- The Washington Times - Tuesday, May 29, 2018

Violence again broke out along the Israeli-Palestinian border along the Gaza Strip Tuesday, with Israeli forces and Palestinian militants trading attacks and counterattacks in some of the heaviest fighting in over four years.

Palestinian jihadists unleashed a barrage of missiles and mortars from bases in Gaza into Israeli-controlled areas of the disputed territory early Tuesday morning. A majority of the shots were intercepted by the Iron Dome air defense system fielded by the Israeli Defense Forces, The Associated Press reports. But Tuesday’s attack is one of the largest strikes by Palestinian militants against Israeli targets since Tel Aviv’s war against Hamas in 2014.

Tensions in the region were already high in the aftermath of missile attacks earlier this month by Iranian-backed proxy forces in Syria against Israeli positions in the Golan Heights.
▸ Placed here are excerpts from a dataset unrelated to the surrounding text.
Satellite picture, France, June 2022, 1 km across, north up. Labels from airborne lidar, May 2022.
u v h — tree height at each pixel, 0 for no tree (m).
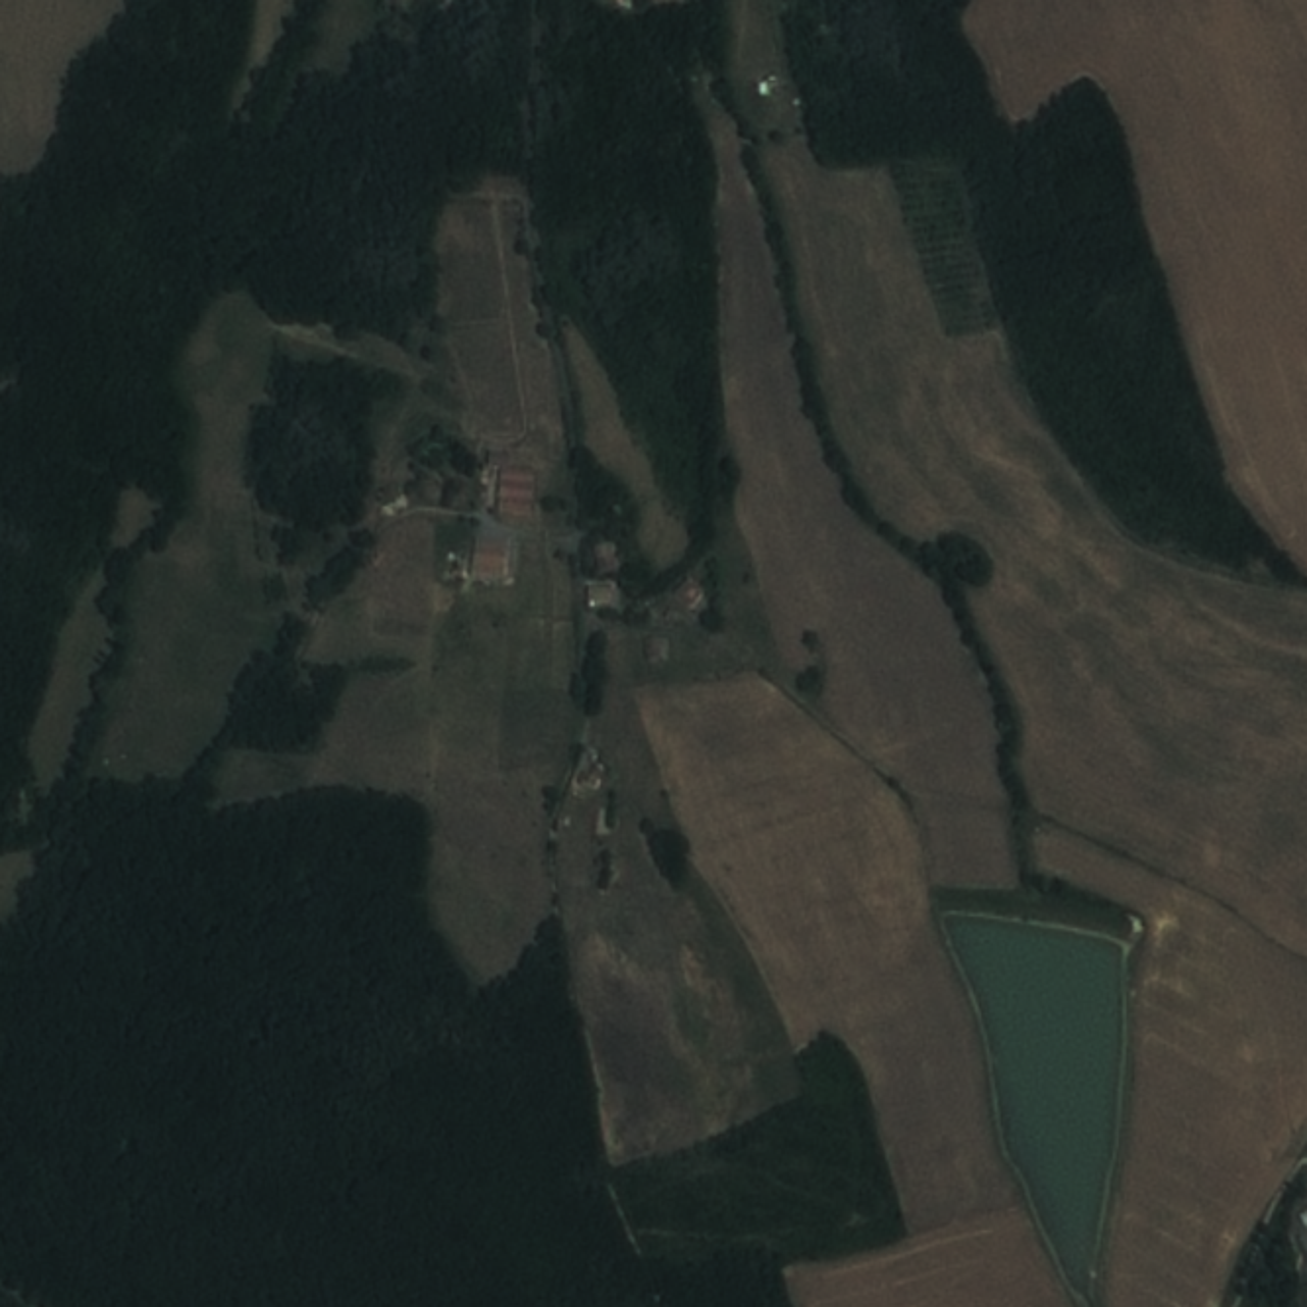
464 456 18
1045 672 0
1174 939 0
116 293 14
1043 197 17
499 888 0
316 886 21
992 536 0
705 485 10
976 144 15
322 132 24
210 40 10
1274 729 0
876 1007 0
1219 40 0
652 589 6
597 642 15
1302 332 0
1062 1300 0
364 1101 16
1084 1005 0
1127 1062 0
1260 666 0
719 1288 10
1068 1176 0
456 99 19
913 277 0
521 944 0
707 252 12
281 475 19
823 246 0
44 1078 22
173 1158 18
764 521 0
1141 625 0
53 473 25
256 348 0
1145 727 0
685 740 0
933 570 18
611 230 12
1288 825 0
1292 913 0
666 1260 11
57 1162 15
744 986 0
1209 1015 0
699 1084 0
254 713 15
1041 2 0
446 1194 14
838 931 0
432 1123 12
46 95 0
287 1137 22
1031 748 0
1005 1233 0
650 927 0
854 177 0
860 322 0
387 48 16
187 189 24
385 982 21
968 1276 0
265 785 0
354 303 19
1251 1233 0
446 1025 18
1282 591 0
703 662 0
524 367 0
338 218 19
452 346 0
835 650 0
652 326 10
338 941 18
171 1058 20
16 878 0
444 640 0
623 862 0
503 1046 13
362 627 0
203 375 0
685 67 17
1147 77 0
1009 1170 0
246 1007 14
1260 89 0
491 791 0
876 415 0
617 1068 0
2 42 0
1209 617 0
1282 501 0
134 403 19
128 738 0
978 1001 0
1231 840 0
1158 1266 0
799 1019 0
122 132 17
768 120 0
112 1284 18
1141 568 0
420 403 0
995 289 8
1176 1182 0
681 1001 0
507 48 10
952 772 0
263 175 21
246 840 15
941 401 0
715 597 10
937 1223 0
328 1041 19
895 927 0
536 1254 12
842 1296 0
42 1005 21
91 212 17
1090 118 16
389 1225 12
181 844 19
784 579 0
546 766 0
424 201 20
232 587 0
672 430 6
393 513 0
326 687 14
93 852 18
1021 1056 0
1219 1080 0
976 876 0
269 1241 18
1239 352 0
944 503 0
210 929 8
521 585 0
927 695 0
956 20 6
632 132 8
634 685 0
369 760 0
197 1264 17
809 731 0
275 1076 19
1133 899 0
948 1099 0

The strike by Shia paramilitaries against Israel raised fears that the roughly 5,000 U.S. troops based in Syria would also be targeted for attack.

Israeli fighters carried out over 30 airstrikes targeting several known jihadi redoubts and training camps inside Palestinian-controlled Gaza, including a reported underground tunnel near the city of Rafah running across the border into Egypt, the AP reports.

“Israel will exact a heavy price from those who seek to harm it, and we see Hamas as responsible for preventing such attacks,” Prime Minister Benjamin Netanyahu said following the Israeli strikes into Gaza.

Marine Corps security forces increased at American embassies in Turkey and Jordan, as well as the old U.S. facility in Tel Aviv and other U.S. diplomatic installations in the Middle East earlier this month, in the wake of the escalating violence along the Israeli-Palestinian border along the Gaza Strip.

Officials at the Pentagon and Marine Corps headquarters in Quantico, Virginia, confirmed the State Department’s request for additional security support at regional embassies across the Middle East at the time, citing the “heightened threat environment” posed to American diplomats in the region, Defense Department spokesman Maj. Adrian Rankine-Galloway told The Washington Times.

Clashes between Palestinian protesters and Israeli Defense Forces ended with over 50 protesters killed and scores wounded, just as U.S. and Israeli officials commemorated the opening of the new U.S. Embassy in Jerusalem.

Israeli troops fired upon protesters who attempted to breach the border fence during the melee, as they hurled rocks and other debris at Israeli forces while burning tires along the border fence line.

Tel Aviv’s actions along the border, including the use of live ammunition to suppress the protesters, represented a “violation of international standards, in some instances … what appear to be willful killings, constituting war crimes,” Amnesty International’s Middle East and North Africa Director Philip Luther said at the time.